[Start of section]

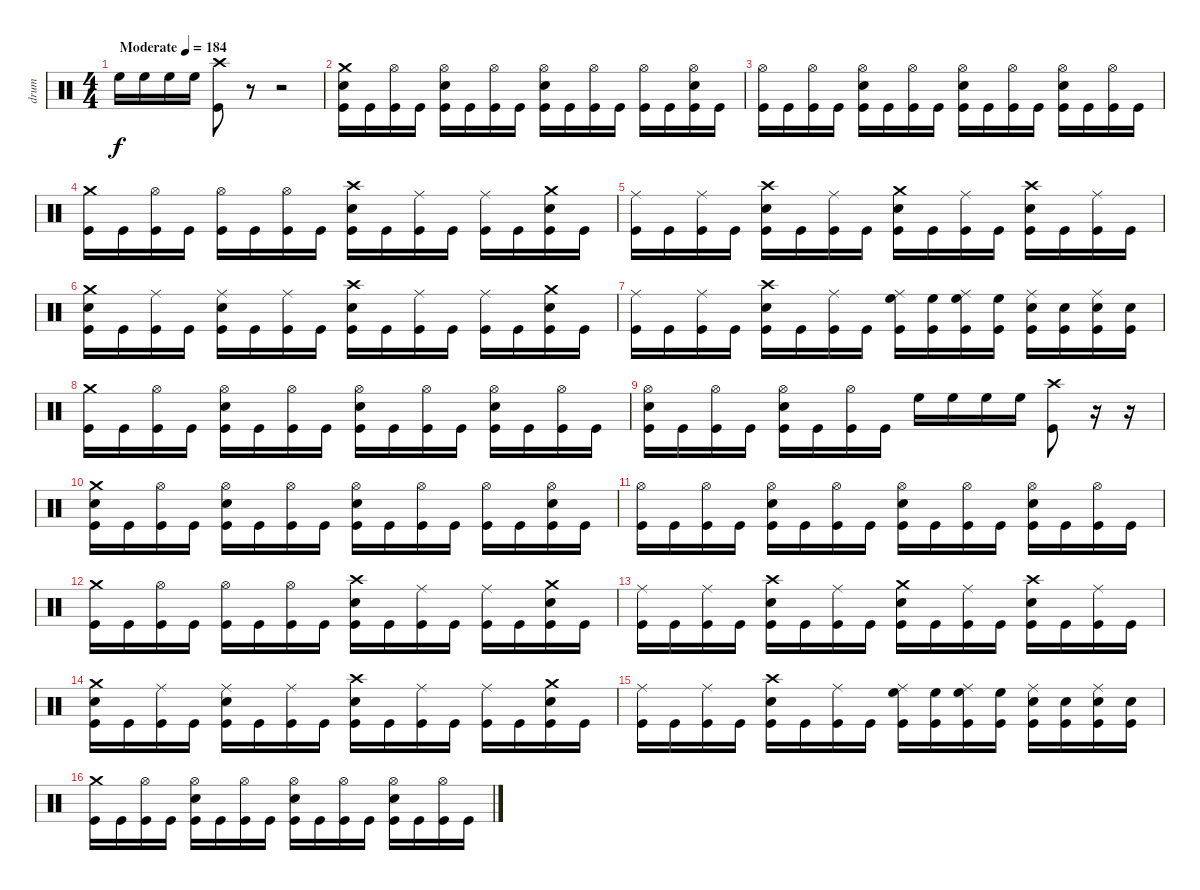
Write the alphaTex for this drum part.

\track ("drum" "drum") {instrument percussion}
\staff {score}
\articulation defaults
\ts (4 4)
\tempo (184 "Moderate")
\clef neutral
\ks c "High Floor Tom (hit)".16{dy f} "High Floor Tom (hit)".16 "High Floor Tom (hit)".16 "High Floor Tom (hit)".16
("Crash high (hit)" "Kick (hit)").8 r.8 r.2 |
("Crash medium (hit)" "Electric Snare (hit)" "Kick (hit)").16 "Kick (hit)".16 ("Hi-Hat (open)" "Kick (hit)").16 "Kick (hit)".16 ("Hi-Hat (open)" "Electric Snare (hit)" "Kick (hit)").16 "Kick (hit)".16 ("Hi-Hat (open)" "Kick (hit)").16 "Kick (hit)".16 ("Hi-Hat (open)" "Electric Snare (hit)" "Kick (hit)").16 "Kick (hit)".16 ("Hi-Hat (open)" "Kick (hit)").16 "Kick (hit)".16 ("Hi-Hat (open)" "Kick (hit)").16 "Kick (hit)".16 ("Hi-Hat (open)" "Electric Snare (hit)" "Kick (hit)").16 "Kick (hit)".16 |
("Hi-Hat (open)" "Kick (hit)").16 "Kick (hit)".16 ("Hi-Hat (open)" "Kick (hit)").16 "Kick (hit)".16 ("Hi-Hat (open)" "Electric Snare (hit)" "Kick (hit)").16 "Kick (hit)".16 ("Hi-Hat (open)" "Kick (hit)").16 "Kick (hit)".16 ("Hi-Hat (open)" "Electric Snare (hit)" "Kick (hit)").16 "Kick (hit)".16 ("Hi-Hat (open)" "Kick (hit)").16 "Kick (hit)".16 ("Hi-Hat (open)" "Electric Snare (hit)" "Kick (hit)").16 "Kick (hit)".16 ("Hi-Hat (open)" "Kick (hit)").16 "Kick (hit)".16 |
("Crash medium (hit)" "Kick (hit)").16 "Kick (hit)".16 ("Hi-Hat (open)" "Kick (hit)").16 "Kick (hit)".16 ("Hi-Hat (open)" "Kick (hit)").16 "Kick (hit)".16 ("Hi-Hat (open)" "Kick (hit)").16 "Kick (hit)".16 ("Crash high (hit)" "Electric Snare (hit)" "Kick (hit)").16 "Kick (hit)".16 ("Ride (middle)" "Kick (hit)").16 "Kick (hit)".16 ("Ride (middle)" "Kick (hit)").16 "Kick (hit)".16 ("Crash medium (hit)" "Electric Snare (hit)" "Kick (hit)").16 "Kick (hit)".16 |
("Ride (middle)" "Kick (hit)").16 "Kick (hit)".16 ("Ride (middle)" "Kick (hit)").16 "Kick (hit)".16 ("Crash high (hit)" "Electric Snare (hit)" "Kick (hit)").16 "Kick (hit)".16 ("Ride (middle)" "Kick (hit)").16 "Kick (hit)".16 ("Crash medium (hit)" "Electric Snare (hit)" "Kick (hit)").16 "Kick (hit)".16 ("Ride (middle)" "Kick (hit)").16 "Kick (hit)".16 ("Crash high (hit)" "Electric Snare (hit)" "Kick (hit)").16 "Kick (hit)".16 ("Ride (middle)" "Kick (hit)").16 "Kick (hit)".16 |
("Crash medium (hit)" "Electric Snare (hit)" "Kick (hit)").16 "Kick (hit)".16 ("Ride (middle)" "Kick (hit)").16 "Kick (hit)".16 ("Ride (middle)" "Electric Snare (hit)" "Kick (hit)").16 "Kick (hit)".16 ("Ride (middle)" "Kick (hit)").16 "Kick (hit)".16 ("Crash high (hit)" "Electric Snare (hit)" "Kick (hit)").16 "Kick (hit)".16 ("Ride (middle)" "Kick (hit)").16 "Kick (hit)".16 ("Ride (middle)" "Kick (hit)").16 "Kick (hit)".16 ("Crash medium (hit)" "Electric Snare (hit)" "Kick (hit)").16 "Kick (hit)".16 |
("Ride (middle)" "Kick (hit)").16 "Kick (hit)".16 ("Ride (middle)" "Kick (hit)").16 "Kick (hit)".16 ("Crash high (hit)" "Electric Snare (hit)" "Kick (hit)").16 "Kick (hit)".16 ("Ride (middle)" "Kick (hit)").16 "Kick (hit)".16 ("Ride (middle)" "High Floor Tom (hit)" "Kick (hit)").16 ("High Floor Tom (hit)" "Kick (hit)").16 ("Ride (middle)" "High Floor Tom (hit)" "Kick (hit)").16 ("High Floor Tom (hit)" "Kick (hit)").16 ("Ride (middle)" "Electric Snare (hit)" "Kick (hit)").16 ("Electric Snare (hit)" "Kick (hit)").16 ("Ride (middle)" "Electric Snare (hit)" "Kick (hit)").16 ("Electric Snare (hit)" "Kick (hit)").16 |
("Crash medium (hit)" "Kick (hit)").16 "Kick (hit)".16 ("Hi-Hat (open)" "Kick (hit)").16 "Kick (hit)".16 ("Hi-Hat (open)" "Electric Snare (hit)" "Kick (hit)").16 "Kick (hit)".16 ("Hi-Hat (open)" "Kick (hit)").16 "Kick (hit)".16 ("Hi-Hat (open)" "Electric Snare (hit)" "Kick (hit)").16 "Kick (hit)".16 ("Hi-Hat (open)" "Kick (hit)").16 "Kick (hit)".16 ("Hi-Hat (open)" "Electric Snare (hit)" "Kick (hit)").16 "Kick (hit)".16 ("Hi-Hat (open)" "Kick (hit)").16 "Kick (hit)".16 |
("Hi-Hat (open)" "Electric Snare (hit)" "Kick (hit)").16 "Kick (hit)".16 ("Hi-Hat (open)" "Kick (hit)").16 "Kick (hit)".16 ("Hi-Hat (open)" "Electric Snare (hit)" "Kick (hit)").16 "Kick (hit)".16 ("Hi-Hat (open)" "Kick (hit)").16 "Kick (hit)".16 "High Floor Tom (hit)".16 "High Floor Tom (hit)".16 "High Floor Tom (hit)".16 "High Floor Tom (hit)".16 ("Crash high (hit)" "Kick (hit)").8 r.16 r.16 |
("Crash medium (hit)" "Electric Snare (hit)" "Kick (hit)").16 "Kick (hit)".16 ("Hi-Hat (open)" "Kick (hit)").16 "Kick (hit)".16 ("Hi-Hat (open)" "Electric Snare (hit)" "Kick (hit)").16 "Kick (hit)".16 ("Hi-Hat (open)" "Kick (hit)").16 "Kick (hit)".16 ("Hi-Hat (open)" "Electric Snare (hit)" "Kick (hit)").16 "Kick (hit)".16 ("Hi-Hat (open)" "Kick (hit)").16 "Kick (hit)".16 ("Hi-Hat (open)" "Kick (hit)").16 "Kick (hit)".16 ("Hi-Hat (open)" "Electric Snare (hit)" "Kick (hit)").16 "Kick (hit)".16 |
("Hi-Hat (open)" "Kick (hit)").16 "Kick (hit)".16 ("Hi-Hat (open)" "Kick (hit)").16 "Kick (hit)".16 ("Hi-Hat (open)" "Electric Snare (hit)" "Kick (hit)").16 "Kick (hit)".16 ("Hi-Hat (open)" "Kick (hit)").16 "Kick (hit)".16 ("Hi-Hat (open)" "Electric Snare (hit)" "Kick (hit)").16 "Kick (hit)".16 ("Hi-Hat (open)" "Kick (hit)").16 "Kick (hit)".16 ("Hi-Hat (open)" "Electric Snare (hit)" "Kick (hit)").16 "Kick (hit)".16 ("Hi-Hat (open)" "Kick (hit)").16 "Kick (hit)".16 |
("Crash medium (hit)" "Kick (hit)").16 "Kick (hit)".16 ("Hi-Hat (open)" "Kick (hit)").16 "Kick (hit)".16 ("Hi-Hat (open)" "Kick (hit)").16 "Kick (hit)".16 ("Hi-Hat (open)" "Kick (hit)").16 "Kick (hit)".16 ("Crash high (hit)" "Electric Snare (hit)" "Kick (hit)").16 "Kick (hit)".16 ("Ride (middle)" "Kick (hit)").16 "Kick (hit)".16 ("Ride (middle)" "Kick (hit)").16 "Kick (hit)".16 ("Crash medium (hit)" "Electric Snare (hit)" "Kick (hit)").16 "Kick (hit)".16 |
("Ride (middle)" "Kick (hit)").16 "Kick (hit)".16 ("Ride (middle)" "Kick (hit)").16 "Kick (hit)".16 ("Crash high (hit)" "Electric Snare (hit)" "Kick (hit)").16 "Kick (hit)".16 ("Ride (middle)" "Kick (hit)").16 "Kick (hit)".16 ("Crash medium (hit)" "Electric Snare (hit)" "Kick (hit)").16 "Kick (hit)".16 ("Ride (middle)" "Kick (hit)").16 "Kick (hit)".16 ("Crash high (hit)" "Electric Snare (hit)" "Kick (hit)").16 "Kick (hit)".16 ("Ride (middle)" "Kick (hit)").16 "Kick (hit)".16 |
("Crash medium (hit)" "Electric Snare (hit)" "Kick (hit)").16 "Kick (hit)".16 ("Ride (middle)" "Kick (hit)").16 "Kick (hit)".16 ("Ride (middle)" "Electric Snare (hit)" "Kick (hit)").16 "Kick (hit)".16 ("Ride (middle)" "Kick (hit)").16 "Kick (hit)".16 ("Crash high (hit)" "Electric Snare (hit)" "Kick (hit)").16 "Kick (hit)".16 ("Ride (middle)" "Kick (hit)").16 "Kick (hit)".16 ("Ride (middle)" "Kick (hit)").16 "Kick (hit)".16 ("Crash medium (hit)" "Electric Snare (hit)" "Kick (hit)").16 "Kick (hit)".16 |
("Ride (middle)" "Kick (hit)").16 "Kick (hit)".16 ("Ride (middle)" "Kick (hit)").16 "Kick (hit)".16 ("Crash high (hit)" "Electric Snare (hit)" "Kick (hit)").16 "Kick (hit)".16 ("Ride (middle)" "Kick (hit)").16 "Kick (hit)".16 ("Ride (middle)" "High Floor Tom (hit)" "Kick (hit)").16 ("High Floor Tom (hit)" "Kick (hit)").16 ("Ride (middle)" "High Floor Tom (hit)" "Kick (hit)").16 ("High Floor Tom (hit)" "Kick (hit)").16 ("Ride (middle)" "Electric Snare (hit)" "Kick (hit)").16 ("Electric Snare (hit)" "Kick (hit)").16 ("Ride (middle)" "Electric Snare (hit)" "Kick (hit)").16 ("Electric Snare (hit)" "Kick (hit)").16 |
("Crash medium (hit)" "Kick (hit)").16 "Kick (hit)".16 ("Hi-Hat (open)" "Kick (hit)").16 "Kick (hit)".16 ("Hi-Hat (open)" "Electric Snare (hit)" "Kick (hit)").16 "Kick (hit)".16 ("Hi-Hat (open)" "Kick (hit)").16 "Kick (hit)".16 ("Hi-Hat (open)" "Electric Snare (hit)" "Kick (hit)").16 "Kick (hit)".16 ("Hi-Hat (open)" "Kick (hit)").16 "Kick (hit)".16 ("Hi-Hat (open)" "Electric Snare (hit)" "Kick (hit)").16 "Kick (hit)".16 ("Hi-Hat (open)" "Kick (hit)").16 "Kick (hit)".16

[End of section]

- AIM OF THE EXERCISE:
The string to find is "drum"; copy every line of the listing that has it.

- SOLUTION TO THIS EXERCISE:
Write the alphaTex for this drum part.
\track ("drum" "drum") {instrument percussion}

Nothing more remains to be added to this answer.